Gillo Dorfles, Design theorist and critic: "I
remember that period well, especially because Compasso d'Oro
regained popularity in 1979. A prize which, initially sponsored by
Rinascente and then ADI in the early 70's, had stopped holding
events for the nine previous years. When it resumed its activities,
it did it with class: along with me, the jury included architect
Cortesi, Morello, who became President of the Triennale, and other
celebrities in that field and at that time and I remember that one
of the objects selected was the new Tratto Pen, the new comfortable
writing tool which immediately caught our attention".
Anty Pansera: "Other writing tools were
submitted at that edition of the Compasso d'Oro making it sort of
hard to come to a decision. On the one hand, Marco Del Como and his
Design Group with Tratto Pen, on the other, Marco Zanuso with his
Astil".
Gillo Dorfles: "Certainly Zanuso's pen, very
famous and also very beautiful, was a dangerous competitor but
Tratto Pen won over. It was a less expensive object, less luxurious
and was representative of what was, at that time, the design ideal:
a return to simplicity, practicality, not yet discovered by those
ornamental frills that became livelier in following years".

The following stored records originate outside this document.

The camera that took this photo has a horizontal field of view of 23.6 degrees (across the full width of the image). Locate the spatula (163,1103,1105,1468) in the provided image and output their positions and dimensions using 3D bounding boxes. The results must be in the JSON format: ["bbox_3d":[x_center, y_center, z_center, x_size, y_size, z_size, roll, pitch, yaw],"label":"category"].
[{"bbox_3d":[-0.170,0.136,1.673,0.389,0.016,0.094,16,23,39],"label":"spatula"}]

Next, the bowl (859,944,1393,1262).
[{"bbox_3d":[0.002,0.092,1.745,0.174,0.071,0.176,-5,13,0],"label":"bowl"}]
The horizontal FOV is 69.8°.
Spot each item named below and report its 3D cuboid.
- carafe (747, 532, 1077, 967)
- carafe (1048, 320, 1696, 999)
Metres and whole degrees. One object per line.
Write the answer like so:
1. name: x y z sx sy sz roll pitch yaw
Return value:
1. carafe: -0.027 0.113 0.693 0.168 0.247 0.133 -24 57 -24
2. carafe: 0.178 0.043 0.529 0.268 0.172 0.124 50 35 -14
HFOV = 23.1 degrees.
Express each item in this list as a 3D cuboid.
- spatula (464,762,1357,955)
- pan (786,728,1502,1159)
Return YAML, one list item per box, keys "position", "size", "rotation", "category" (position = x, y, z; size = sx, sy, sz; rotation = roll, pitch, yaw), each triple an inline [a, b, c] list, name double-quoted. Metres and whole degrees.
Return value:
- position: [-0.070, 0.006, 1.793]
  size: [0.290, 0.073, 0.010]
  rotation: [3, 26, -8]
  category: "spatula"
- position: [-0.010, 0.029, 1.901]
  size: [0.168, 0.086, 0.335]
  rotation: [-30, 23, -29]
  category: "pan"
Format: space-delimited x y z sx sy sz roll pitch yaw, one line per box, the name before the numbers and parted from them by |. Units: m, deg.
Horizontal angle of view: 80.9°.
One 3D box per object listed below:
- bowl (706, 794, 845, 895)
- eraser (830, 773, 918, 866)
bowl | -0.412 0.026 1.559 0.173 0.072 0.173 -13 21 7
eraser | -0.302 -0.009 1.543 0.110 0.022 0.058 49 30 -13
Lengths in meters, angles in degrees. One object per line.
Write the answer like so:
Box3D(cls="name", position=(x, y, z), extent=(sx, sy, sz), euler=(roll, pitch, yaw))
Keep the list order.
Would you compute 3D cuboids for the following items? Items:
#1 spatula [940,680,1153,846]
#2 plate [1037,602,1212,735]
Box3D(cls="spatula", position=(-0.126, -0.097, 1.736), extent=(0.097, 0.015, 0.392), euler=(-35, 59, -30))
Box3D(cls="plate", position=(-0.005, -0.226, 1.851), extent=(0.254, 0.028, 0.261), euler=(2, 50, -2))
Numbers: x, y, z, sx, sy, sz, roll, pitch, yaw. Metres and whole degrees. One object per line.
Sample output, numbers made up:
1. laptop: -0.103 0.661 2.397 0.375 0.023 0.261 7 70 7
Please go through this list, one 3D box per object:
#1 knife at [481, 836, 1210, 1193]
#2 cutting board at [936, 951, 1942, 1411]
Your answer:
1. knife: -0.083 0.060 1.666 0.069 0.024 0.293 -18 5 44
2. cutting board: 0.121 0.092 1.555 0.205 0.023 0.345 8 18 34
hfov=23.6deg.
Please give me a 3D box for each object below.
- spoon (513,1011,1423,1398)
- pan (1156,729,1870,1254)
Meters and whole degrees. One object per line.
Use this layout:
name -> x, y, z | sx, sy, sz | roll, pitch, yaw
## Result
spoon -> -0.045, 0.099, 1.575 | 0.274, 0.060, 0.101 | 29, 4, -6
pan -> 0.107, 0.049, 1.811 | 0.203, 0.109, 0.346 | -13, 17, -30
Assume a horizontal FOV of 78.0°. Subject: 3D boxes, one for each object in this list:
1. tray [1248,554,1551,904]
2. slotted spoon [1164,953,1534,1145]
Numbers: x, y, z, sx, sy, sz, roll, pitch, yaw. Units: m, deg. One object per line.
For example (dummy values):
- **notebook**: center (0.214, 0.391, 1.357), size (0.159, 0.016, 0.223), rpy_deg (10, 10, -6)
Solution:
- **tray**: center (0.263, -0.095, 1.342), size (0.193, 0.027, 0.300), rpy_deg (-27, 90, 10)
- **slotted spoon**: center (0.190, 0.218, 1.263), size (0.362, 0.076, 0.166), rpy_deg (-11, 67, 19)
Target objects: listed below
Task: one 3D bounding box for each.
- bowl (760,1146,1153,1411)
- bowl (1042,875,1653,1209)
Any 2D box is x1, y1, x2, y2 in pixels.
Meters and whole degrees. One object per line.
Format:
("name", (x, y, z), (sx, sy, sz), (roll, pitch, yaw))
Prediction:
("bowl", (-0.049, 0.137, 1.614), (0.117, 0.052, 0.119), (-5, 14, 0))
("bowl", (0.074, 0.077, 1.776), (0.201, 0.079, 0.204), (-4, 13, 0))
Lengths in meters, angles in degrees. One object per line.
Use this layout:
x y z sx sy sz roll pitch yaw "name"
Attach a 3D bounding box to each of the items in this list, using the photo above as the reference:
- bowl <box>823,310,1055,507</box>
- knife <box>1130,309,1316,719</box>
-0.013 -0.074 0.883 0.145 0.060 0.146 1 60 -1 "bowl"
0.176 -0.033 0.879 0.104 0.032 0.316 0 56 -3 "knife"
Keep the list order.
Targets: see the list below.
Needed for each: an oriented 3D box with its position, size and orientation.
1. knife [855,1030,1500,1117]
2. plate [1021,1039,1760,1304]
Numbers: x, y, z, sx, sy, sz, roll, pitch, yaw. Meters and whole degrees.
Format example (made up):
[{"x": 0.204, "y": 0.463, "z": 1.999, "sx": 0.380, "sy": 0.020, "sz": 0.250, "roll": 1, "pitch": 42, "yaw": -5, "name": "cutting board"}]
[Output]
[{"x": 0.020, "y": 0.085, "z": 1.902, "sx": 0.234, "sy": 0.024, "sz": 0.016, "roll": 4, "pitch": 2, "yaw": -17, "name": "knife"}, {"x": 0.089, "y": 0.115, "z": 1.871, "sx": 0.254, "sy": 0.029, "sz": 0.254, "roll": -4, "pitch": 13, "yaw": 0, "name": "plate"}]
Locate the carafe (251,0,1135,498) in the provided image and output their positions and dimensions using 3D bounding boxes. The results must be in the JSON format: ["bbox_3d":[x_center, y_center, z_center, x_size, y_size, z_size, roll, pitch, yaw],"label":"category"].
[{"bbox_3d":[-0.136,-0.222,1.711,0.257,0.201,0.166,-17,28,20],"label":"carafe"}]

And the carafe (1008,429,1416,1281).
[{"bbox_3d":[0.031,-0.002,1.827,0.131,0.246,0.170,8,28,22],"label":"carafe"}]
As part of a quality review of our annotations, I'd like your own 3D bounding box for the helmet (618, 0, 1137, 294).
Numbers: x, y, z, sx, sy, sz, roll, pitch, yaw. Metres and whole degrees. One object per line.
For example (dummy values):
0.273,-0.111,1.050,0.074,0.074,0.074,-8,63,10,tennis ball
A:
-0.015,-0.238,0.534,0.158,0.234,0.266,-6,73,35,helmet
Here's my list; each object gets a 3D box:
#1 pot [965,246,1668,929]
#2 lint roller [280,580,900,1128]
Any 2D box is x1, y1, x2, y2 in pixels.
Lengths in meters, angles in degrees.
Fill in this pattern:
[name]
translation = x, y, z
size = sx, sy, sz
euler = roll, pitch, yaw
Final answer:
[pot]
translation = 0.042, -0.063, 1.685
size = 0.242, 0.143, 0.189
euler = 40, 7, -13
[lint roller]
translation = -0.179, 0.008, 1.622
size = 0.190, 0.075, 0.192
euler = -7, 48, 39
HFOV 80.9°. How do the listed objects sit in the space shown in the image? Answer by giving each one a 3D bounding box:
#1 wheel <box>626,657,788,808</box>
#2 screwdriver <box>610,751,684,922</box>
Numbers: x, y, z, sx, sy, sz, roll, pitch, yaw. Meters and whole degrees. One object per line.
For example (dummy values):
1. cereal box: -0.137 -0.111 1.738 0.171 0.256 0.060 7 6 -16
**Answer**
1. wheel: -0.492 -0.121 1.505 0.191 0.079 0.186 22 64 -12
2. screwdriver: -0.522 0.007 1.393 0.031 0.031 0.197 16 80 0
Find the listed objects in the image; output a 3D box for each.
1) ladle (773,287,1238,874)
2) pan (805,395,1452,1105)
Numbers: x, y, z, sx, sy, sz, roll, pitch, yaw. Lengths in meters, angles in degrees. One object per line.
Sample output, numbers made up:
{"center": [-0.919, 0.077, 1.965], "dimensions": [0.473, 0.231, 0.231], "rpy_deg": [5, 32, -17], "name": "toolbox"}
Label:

Anty Pansera: "How can this product's success
be explained since, thirty years later, it is still sold, thus
bought, as if it was hot off the production line?".
Gillo Dorfles: "Tratto Pen has important
technical qualities, other than visual. Compared to the Bic, for
example, compared to other pens sold at that time, Tratto Pen, and
later, Tratto Clip, offered incredible writing ease: an especially
fluid ink, a rather sharp point that adapted to both writing and
artistic drawing. In fact, I know that the Tratto Pen is still used
by many designers and illustrators as a useful composition
means".
Anty Pansera: "In this twenty-first century,
the computer is the star. Handwriting, writing with the Tratto Pen,
writing using this traditional yet innovative writing tool, will
remain in the future?"
Gillo Dorfles: "I believe that man will
continue to write until the end of humanity because nothing is as
immediate as writing. As far as the computer or cell phone can
write, send messages, even short letters, I'm sure that the
possibility of expressing thoughts using your hands is an
absolutely irreplaceable gesture".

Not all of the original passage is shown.